Building sophisticated applications of linguistic technology requires both right-brain and left-brain skills, so you’ll find a fascinating mix of people at Arria. Our employees include professors and PhDs in Computer Science, linguists, software engineers, proofreaders, and entrepreneurial people who thrive in a start-up environment and are passionate and committed to the potential NLG offers.

Where is Arria NLG located?

Arria’s headquarters are in London, its science and engineering teams are based in Aberdeen and Sydney, and it has additional sales offices in New York and Auckland.

How long does the deployment process take?

We specialise in making complex data easy to understand and use. Whether your data comes from one or multiple sources we can generate natural language in 60-90 seconds, so the deployment process will depend on your individual use case. Get in touch to find out what the implementation process will be for your project and how quickly Arria NLG could be transforming your data.

What are the steps from first contact to a deployed NLG system?

After an initial meeting where we introduce the technology and how it works to your key stakeholders, we spend time with you to flesh out the specifics of one or more use cases that have the potential to bring significant value to your organisation. This then leads to a scope of work and high-level design for the deployment of an NLG application within your organisation. The initial deployment may be a Proof of Concept or pilot application, which is then followed by a full deployment; or, in appropriate circumstances, we may deliver a full production deployment of the Engine in the first instance.

What format does the output of the NLG Platform come in?

The output can be provided in any format required, including, for example, HTML, PDF, Word, XML, marked up text for speech synthesis, and so on. During the scoping process, Arria engineers will determine which output formats are ideal for your application.

How fast can the NLG Platform produce texts?

The scalability of the NLG Platform is one of its main advantages. In many situations, it can produce thousands of texts per minute. This makes it possible to generate extremely personalised or localised reports that would take too long and would be too expensive if produced by human writers.

Is the NLG Platform’s output as good as human-written text?

Yes. The language generated by the NLG Platform is virtually indistinguishable from language produced by human writers. In fact, some studies show that users prefer these automatically generated texts over human-written texts.

Do all texts produced by the NLG Platform sound the same?

Not unless you want them to. If you require the output to be engaging for a human audience, the NLG Platform can produce the same variety as human writers. This is useful for regular publications to a standard client base, such as newsletters or company updates. But in many industries linguistic consistency is crucial in order to avoid misunderstandings. This is especially the case for textual output in safety-critical industries, such as equipment monitoring alerts and weather reports in oil drilling operations. For these kinds of applications, the language generated by the Arria NLG Platform can provide a level of consistency that is extremely hard for human authors to achieve.

Can documents produced by the NLG Platform include graphics?

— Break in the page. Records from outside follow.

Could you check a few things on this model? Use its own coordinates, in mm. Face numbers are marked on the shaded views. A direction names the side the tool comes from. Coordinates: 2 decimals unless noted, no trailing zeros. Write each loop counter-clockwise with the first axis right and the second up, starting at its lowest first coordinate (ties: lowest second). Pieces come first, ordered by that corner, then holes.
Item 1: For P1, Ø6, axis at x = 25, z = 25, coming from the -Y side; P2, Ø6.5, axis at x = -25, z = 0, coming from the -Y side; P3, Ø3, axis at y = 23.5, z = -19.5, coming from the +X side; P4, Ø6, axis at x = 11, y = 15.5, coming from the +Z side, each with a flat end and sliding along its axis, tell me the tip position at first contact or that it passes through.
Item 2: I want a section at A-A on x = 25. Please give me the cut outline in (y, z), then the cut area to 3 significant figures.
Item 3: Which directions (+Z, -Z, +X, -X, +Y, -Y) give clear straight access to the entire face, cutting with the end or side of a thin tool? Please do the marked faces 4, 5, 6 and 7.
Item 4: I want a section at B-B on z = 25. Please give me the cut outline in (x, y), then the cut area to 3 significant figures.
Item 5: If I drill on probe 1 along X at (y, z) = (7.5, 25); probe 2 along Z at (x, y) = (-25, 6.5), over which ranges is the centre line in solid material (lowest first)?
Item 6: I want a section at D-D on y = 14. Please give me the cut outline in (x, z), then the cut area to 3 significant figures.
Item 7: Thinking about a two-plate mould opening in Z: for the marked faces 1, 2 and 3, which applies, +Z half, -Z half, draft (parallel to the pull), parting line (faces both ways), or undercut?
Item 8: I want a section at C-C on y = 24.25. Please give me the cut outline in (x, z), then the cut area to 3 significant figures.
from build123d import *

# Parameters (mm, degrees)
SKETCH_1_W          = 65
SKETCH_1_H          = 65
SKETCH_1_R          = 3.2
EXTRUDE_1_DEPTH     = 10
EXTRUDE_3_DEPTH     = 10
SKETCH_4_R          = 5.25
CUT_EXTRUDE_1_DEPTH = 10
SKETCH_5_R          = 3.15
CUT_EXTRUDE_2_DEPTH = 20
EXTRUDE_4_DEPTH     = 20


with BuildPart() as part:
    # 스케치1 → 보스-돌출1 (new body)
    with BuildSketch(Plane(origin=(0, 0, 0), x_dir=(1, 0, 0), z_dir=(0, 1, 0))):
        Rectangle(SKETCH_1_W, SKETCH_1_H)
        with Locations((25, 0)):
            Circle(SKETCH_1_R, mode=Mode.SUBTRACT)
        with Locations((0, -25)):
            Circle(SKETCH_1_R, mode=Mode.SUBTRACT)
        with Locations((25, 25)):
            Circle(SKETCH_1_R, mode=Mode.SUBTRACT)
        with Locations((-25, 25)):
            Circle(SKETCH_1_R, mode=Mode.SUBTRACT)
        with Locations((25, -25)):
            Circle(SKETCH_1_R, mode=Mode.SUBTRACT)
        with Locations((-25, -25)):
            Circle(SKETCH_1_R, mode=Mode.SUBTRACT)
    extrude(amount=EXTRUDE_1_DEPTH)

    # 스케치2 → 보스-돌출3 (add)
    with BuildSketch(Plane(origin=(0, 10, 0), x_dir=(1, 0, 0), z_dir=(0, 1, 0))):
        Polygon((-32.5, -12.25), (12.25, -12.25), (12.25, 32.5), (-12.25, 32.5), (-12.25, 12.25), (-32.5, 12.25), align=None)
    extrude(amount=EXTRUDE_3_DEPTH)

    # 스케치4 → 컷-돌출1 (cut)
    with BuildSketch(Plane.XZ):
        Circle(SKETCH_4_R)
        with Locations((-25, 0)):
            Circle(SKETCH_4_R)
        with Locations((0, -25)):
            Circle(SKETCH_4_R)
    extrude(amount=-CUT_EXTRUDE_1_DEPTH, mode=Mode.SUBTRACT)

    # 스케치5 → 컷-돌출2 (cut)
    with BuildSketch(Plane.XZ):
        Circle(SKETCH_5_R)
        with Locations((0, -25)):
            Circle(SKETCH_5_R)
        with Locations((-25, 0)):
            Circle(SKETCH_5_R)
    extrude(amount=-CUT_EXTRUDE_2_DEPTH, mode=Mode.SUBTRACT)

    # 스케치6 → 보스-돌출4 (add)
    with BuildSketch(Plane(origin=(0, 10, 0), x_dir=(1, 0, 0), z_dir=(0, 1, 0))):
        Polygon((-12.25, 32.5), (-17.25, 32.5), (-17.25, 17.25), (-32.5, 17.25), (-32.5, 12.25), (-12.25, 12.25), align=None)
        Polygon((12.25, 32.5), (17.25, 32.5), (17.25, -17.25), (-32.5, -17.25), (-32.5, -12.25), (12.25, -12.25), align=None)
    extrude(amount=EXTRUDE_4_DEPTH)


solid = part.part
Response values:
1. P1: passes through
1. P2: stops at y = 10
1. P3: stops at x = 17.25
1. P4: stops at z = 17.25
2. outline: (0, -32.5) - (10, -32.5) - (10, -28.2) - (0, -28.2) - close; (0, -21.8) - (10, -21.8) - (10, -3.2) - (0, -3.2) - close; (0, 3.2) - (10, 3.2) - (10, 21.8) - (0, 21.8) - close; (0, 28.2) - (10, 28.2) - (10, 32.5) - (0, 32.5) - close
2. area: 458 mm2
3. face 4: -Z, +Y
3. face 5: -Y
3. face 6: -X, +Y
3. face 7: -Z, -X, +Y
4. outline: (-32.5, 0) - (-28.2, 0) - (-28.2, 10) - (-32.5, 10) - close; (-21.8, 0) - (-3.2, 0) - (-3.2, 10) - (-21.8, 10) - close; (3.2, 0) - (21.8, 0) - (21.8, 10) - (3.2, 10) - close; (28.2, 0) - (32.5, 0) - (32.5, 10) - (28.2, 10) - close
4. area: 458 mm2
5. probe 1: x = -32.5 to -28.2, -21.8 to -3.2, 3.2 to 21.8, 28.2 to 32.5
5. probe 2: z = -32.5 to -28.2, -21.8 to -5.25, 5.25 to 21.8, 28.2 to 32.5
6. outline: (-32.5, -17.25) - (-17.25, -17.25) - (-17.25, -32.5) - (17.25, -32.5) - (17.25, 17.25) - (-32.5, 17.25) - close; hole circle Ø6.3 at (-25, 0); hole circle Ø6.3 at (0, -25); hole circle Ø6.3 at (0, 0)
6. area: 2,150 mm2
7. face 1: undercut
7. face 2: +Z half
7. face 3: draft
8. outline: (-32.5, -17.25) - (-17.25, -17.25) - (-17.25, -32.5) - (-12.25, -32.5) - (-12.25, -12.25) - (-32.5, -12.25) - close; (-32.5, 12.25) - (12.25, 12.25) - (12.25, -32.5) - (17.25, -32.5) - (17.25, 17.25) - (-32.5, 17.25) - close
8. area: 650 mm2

Yes, and it can automatically generate captions and annotations for the graphics contained in its output. Our philosophy is to use the best information delivery device for the task at hand.

How does the Arria NLG Engine work?

The Arria NLG Engine consists of two main processing components: the first carries out Analysis and Interpretation, and the second is responsible for Information Delivery. The Analysis and Interpretation stage derives facts and insights from the raw input data and turns them into basic information chunks called messages. The Information Delivery stage works out how to best communicate the information in these messages as a coherent text, possibly combined with graphics or provided as voice output.